Johnson’s point is in part political: the presence she conjures is of those who have largely been absent from the canon of art history. These are works of redress, asserting the properness of Black presence and agency in a tradition at best closed and at worst profoundly hostile to such subjects. Readings of Johnson frequently underscore the labour of her portraiture in exactly this way: They weren’t there. Now they are. But to stop here risks relegating the presence Johnson invokes to a matter of mere attendance. 

It’s not just that Johnson’s subjects are there, present and correct, but that they are there, emphatically there, allowed to be there with an imprecision and capaciousness that ultimately evades our grasp. So many of her figures appear a moment away from motion - twisting, curling, stretching, turning - on their way to some other pose not yet found. They are regularly clipped by the boundaries of her paper, slipping beyond an edge into the void of the gallery wall. Johnson’s own marks can seem to wane, from the fine shading of a face at the top of a piece, to the erratic jolts that give way at its bottom (Figure with Raised Arms 2017). The waning mark reads as a confession: I cannot capture the whole of what is here. Several of her works are interrupted by swathes of space untouched apart from a sketchy single line. In such works, bodies are outlined like unchartered territories, whole untouched worlds still evolving (Reclining Figure 2017). The presence Johnson conjures is of lives still being lived and worked out. Unhemmed by definition, malleable and alive, her subjects become more than we can see or say.  
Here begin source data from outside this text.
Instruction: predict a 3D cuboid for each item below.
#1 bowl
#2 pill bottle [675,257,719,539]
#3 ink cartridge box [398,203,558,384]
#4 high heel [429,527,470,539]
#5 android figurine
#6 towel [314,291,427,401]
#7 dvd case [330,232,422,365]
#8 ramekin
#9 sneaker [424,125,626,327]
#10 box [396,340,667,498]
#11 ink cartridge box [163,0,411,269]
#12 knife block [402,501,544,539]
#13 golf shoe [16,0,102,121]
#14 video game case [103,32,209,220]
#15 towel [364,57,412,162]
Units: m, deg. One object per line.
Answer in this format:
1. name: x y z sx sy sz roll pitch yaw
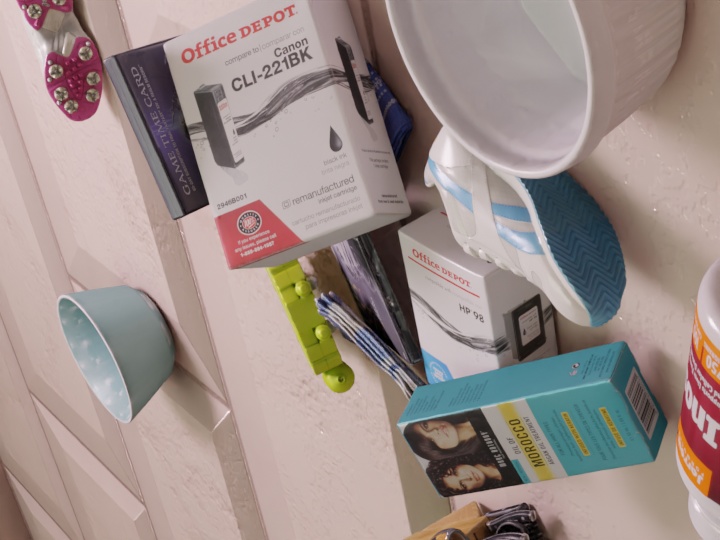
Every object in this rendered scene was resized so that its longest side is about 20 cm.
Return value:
1. bowl: -0.333 0.102 1.996 0.201 0.104 0.202 42 148 33
2. pill bottle: 0.258 0.089 0.887 0.113 0.112 0.202 38 146 38
3. ink cartridge box: 0.097 0.020 1.166 0.115 0.066 0.202 30 141 48
4. high heel: 0.128 0.318 1.237 0.199 0.071 0.144 33 139 33
5. android figurine: -0.056 0.039 1.431 0.200 0.041 0.184 160 86 -84
6. towel: 0.042 0.104 1.320 0.200 0.024 0.147 44 178 20
7. dvd case: 0.000 0.000 1.310 0.200 0.016 0.150 -143 29 -76
8. ramekin: 0.113 -0.170 0.898 0.200 0.104 0.202 43 149 33
9. sneaker: 0.120 -0.032 1.042 0.201 0.076 0.081 57 134 28
10. box: 0.132 0.120 1.112 0.198 0.049 0.083 -17 115 36
11. ink cartridge box: -0.061 -0.118 1.172 0.143 0.084 0.203 -20 83 23
12. knife block: 0.087 0.288 1.345 0.065 0.198 0.176 61 -176 -3
13. golf shoe: -0.367 -0.282 1.723 0.092 0.074 0.202 -135 28 -61
14. video game case: -0.129 -0.139 1.241 0.019 0.199 0.144 -20 97 36
15. towel: -0.030 -0.161 1.265 0.201 0.024 0.145 53 153 16
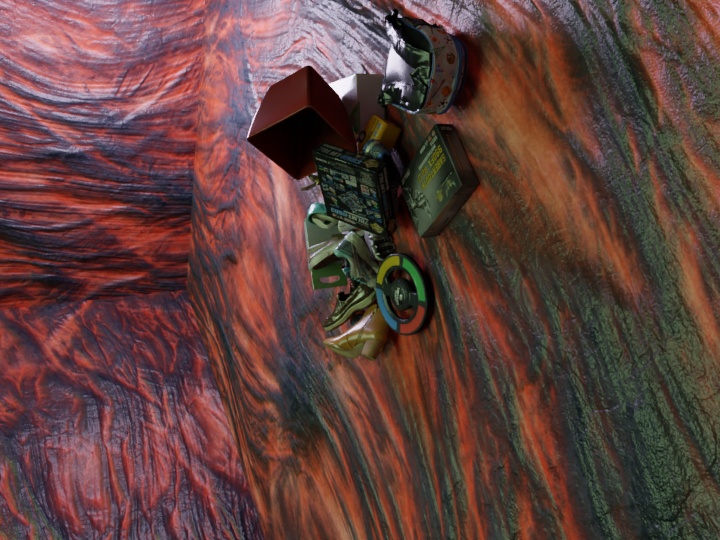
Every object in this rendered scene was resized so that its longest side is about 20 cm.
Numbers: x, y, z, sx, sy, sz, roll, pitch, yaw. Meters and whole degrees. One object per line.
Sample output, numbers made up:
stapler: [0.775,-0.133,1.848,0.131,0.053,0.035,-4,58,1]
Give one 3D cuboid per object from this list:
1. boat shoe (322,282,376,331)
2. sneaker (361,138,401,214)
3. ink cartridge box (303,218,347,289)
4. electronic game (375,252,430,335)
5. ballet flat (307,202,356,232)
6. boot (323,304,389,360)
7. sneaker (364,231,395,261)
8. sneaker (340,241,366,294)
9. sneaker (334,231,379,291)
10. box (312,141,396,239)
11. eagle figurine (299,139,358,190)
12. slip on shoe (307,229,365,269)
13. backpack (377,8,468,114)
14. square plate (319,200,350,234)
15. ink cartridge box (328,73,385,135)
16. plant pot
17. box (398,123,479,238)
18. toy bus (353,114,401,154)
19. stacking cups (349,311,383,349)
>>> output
boat shoe: [-0.039,0.090,1.709,0.201,0.075,0.075,-36,97,26]
sneaker: [0.058,-0.208,1.487,0.085,0.077,0.202,37,152,50]
ink cartridge box: [-0.100,-0.052,1.780,0.059,0.102,0.203,171,93,-80]
electronic game: [0.100,0.058,1.516,0.199,0.041,0.203,17,111,52]
ballet flat: [-0.060,-0.136,1.691,0.198,0.071,0.068,11,149,27]
boot: [-0.001,0.158,1.662,0.199,0.071,0.145,4,62,43]
sneaker: [0.033,-0.120,1.615,0.081,0.074,0.203,152,111,-71]
sneaker: [-0.016,0.003,1.708,0.079,0.094,0.202,53,141,44]
sneaker: [0.000,0.000,1.613,0.201,0.086,0.078,56,169,-19]
box: [-0.013,-0.190,1.493,0.198,0.050,0.200,24,145,33]
eagle figurine: [-0.089,-0.307,1.747,0.150,0.152,0.201,32,153,13]
slip on shoe: [-0.059,-0.074,1.703,0.199,0.076,0.061,-31,70,19]
backpack: [0.131,-0.405,1.266,0.191,0.152,0.202,-119,27,-52]
square plate: [-0.069,-0.127,1.861,0.198,0.028,0.203,-24,74,62]
ink cartridge box: [-0.017,-0.425,1.631,0.199,0.086,0.148,-163,69,-63]
plant pot: [-0.140,-0.376,1.542,0.198,0.199,0.178,-19,56,28]
box: [0.164,-0.191,1.354,0.200,0.048,0.160,-55,47,54]
toy bus: [0.021,-0.278,1.543,0.078,0.064,0.202,48,117,46]
stacking cups: [-0.004,0.153,1.748,0.201,0.060,0.061,56,142,43]
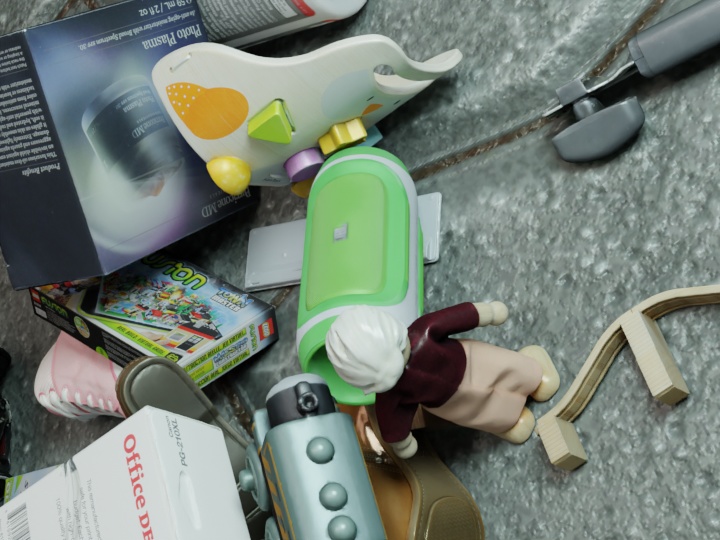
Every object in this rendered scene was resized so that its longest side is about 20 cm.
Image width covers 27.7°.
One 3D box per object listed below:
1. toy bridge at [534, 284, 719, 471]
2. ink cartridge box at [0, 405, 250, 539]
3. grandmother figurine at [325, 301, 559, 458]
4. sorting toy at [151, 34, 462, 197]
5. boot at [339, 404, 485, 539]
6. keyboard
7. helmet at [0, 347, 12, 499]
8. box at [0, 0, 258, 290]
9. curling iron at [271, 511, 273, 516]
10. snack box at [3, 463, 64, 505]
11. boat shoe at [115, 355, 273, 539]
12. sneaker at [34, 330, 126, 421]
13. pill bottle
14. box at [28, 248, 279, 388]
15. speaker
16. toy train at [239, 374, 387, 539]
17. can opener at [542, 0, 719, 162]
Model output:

In an interview earlier this year, Johnson spoke of her intention to ‘resist the urge to present heroic figurations… that offer a radical alternative to the negative imagery out there’.[1] I am reminded of a distinction theologians have worked with to distinguish angels from humans. Angels, outside of time, choose an orientation ‘once and for all’. The angel manifests their orientation to the divine forever and always, defined by that single choice. Humans by contrast, enduring in time, cannot give the whole of themselves over to any one thing completely. They are in motion. They cannot be fixed in one orientation forever. But that unfixed-ness, that distinctive plasticity, that lack of definition, is part of their crowning glory. It’s what permits human beings to image a God who himself is without bound, limit, or definition.  

Johnson does not make her subjects into heroes or angels. The presence possessed by her portraits is neither precise nor still. It’s the presence of humans allowed to be humans. Humans who, in their distinctive glory, squirm and turn and dream and regret, who forgive and are forgiven, who change their minds, who grow and wonder and forget and remember.